Just installed a DX58SO board and 920 processor with Kingmax RAM but two of the slots on the board simply will not work. 

The first two slots - Channel A Dimm 1 and Channel A Dimm 0 both work but Channels B and C will not work. If I populate either or both of them, the computer will not boot and gives three slow beeps indicating a RAM problem. 

Is there something I've not done, could be board be dodgy, or is the memory the problem. 

The memory is Kingmax FLFE85F 1333 MHz in 2GB sticks. 

I flashed the BIOS this evening with the latest version. 

Appreciate advice. 

John


----------



## itendo (Jan 22, 2009)

I installed my RAM in the Channel A slots (the two closest to the 920) and it works fine; why are you trying to install the sticks in the further slots?
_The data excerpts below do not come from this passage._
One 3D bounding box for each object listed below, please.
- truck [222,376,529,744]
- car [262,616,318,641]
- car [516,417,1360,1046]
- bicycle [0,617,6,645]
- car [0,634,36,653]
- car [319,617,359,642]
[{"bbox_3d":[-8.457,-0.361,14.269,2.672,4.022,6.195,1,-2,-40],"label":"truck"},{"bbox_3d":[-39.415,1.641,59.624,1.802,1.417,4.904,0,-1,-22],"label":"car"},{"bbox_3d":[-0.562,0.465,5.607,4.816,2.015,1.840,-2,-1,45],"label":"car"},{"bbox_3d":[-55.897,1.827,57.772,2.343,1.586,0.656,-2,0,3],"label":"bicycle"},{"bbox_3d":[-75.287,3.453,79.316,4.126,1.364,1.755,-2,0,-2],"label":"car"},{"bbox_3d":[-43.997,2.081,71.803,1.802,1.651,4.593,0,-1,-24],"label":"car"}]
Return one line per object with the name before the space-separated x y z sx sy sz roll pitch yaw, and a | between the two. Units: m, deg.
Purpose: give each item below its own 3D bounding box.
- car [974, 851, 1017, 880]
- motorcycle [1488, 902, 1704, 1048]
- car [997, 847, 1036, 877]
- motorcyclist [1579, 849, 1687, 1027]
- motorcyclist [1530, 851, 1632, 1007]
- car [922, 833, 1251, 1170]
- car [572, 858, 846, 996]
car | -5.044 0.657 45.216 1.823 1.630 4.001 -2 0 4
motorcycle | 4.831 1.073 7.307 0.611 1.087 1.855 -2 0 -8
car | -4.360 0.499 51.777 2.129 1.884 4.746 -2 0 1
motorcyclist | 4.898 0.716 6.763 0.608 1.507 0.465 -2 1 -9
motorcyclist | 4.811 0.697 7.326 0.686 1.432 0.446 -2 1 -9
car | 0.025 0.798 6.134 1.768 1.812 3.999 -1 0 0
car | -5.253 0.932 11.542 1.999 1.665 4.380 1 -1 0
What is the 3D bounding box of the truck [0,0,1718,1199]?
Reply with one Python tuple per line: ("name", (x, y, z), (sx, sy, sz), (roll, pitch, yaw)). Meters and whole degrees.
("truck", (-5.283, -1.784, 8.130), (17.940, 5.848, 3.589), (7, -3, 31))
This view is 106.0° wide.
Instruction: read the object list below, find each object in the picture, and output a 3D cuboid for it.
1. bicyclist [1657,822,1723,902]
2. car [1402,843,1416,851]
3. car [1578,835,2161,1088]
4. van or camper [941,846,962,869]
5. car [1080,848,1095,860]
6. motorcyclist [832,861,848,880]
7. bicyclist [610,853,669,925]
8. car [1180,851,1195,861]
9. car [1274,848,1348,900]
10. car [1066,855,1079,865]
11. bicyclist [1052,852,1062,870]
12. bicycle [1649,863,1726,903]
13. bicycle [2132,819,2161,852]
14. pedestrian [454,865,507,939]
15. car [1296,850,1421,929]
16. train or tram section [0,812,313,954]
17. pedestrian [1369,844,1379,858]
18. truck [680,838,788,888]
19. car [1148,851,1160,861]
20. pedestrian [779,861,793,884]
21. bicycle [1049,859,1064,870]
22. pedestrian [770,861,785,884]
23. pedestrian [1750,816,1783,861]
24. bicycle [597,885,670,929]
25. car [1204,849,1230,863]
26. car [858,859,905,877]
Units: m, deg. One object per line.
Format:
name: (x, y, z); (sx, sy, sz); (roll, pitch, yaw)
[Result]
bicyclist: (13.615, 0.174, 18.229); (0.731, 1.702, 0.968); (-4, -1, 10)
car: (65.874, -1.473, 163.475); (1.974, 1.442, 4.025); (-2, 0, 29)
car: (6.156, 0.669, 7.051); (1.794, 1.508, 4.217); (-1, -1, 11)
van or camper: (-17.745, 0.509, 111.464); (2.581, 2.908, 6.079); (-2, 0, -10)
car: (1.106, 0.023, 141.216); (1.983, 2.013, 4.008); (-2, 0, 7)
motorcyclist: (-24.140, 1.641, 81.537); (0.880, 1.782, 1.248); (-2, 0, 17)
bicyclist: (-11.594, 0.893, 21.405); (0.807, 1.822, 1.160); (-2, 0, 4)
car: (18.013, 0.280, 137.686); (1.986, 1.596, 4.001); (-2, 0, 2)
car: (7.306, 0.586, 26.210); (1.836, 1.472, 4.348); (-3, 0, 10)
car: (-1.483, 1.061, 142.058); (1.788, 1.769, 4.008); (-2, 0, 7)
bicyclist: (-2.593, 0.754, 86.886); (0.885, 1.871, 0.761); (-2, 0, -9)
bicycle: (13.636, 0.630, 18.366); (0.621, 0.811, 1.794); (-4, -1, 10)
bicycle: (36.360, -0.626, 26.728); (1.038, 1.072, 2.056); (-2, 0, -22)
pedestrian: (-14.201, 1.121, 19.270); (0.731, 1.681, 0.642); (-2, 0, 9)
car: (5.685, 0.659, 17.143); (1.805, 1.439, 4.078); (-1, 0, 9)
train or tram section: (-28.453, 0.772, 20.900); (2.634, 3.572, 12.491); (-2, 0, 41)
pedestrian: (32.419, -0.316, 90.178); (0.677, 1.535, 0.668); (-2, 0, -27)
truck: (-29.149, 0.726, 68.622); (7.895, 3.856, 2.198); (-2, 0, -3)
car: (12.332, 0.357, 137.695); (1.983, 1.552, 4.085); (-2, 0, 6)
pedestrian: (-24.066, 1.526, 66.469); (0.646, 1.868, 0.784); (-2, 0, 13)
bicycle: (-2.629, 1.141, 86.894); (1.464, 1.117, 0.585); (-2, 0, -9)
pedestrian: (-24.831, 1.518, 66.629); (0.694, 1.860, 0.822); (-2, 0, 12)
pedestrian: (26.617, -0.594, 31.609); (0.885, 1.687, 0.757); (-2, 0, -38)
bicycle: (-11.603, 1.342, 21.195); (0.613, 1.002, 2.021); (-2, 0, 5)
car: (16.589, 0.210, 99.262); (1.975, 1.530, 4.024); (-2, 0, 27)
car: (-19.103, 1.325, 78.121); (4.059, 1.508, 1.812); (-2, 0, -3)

Or is your problem in adding additional sticks beyond the first two? (i also have a 920 on a DX58SO with 2x2g sticks of DDR3 1333.)


----------



## itendo (Jan 22, 2009)

I don't know if you're still following this thread but the online version of the DX58so manual has a more articulate explanation. If you follow this link to page 38-9 http://static.compusa.com/pdf/Intel Desktop Board DX58SO Product Manual.pdf of the PDF, it lets you know how to install the memory.

like i said above, i have mine installed in the DIMM A 0 & 1 slots and now i am going to try the B & C slots to see if i get less of a performance drag.


----------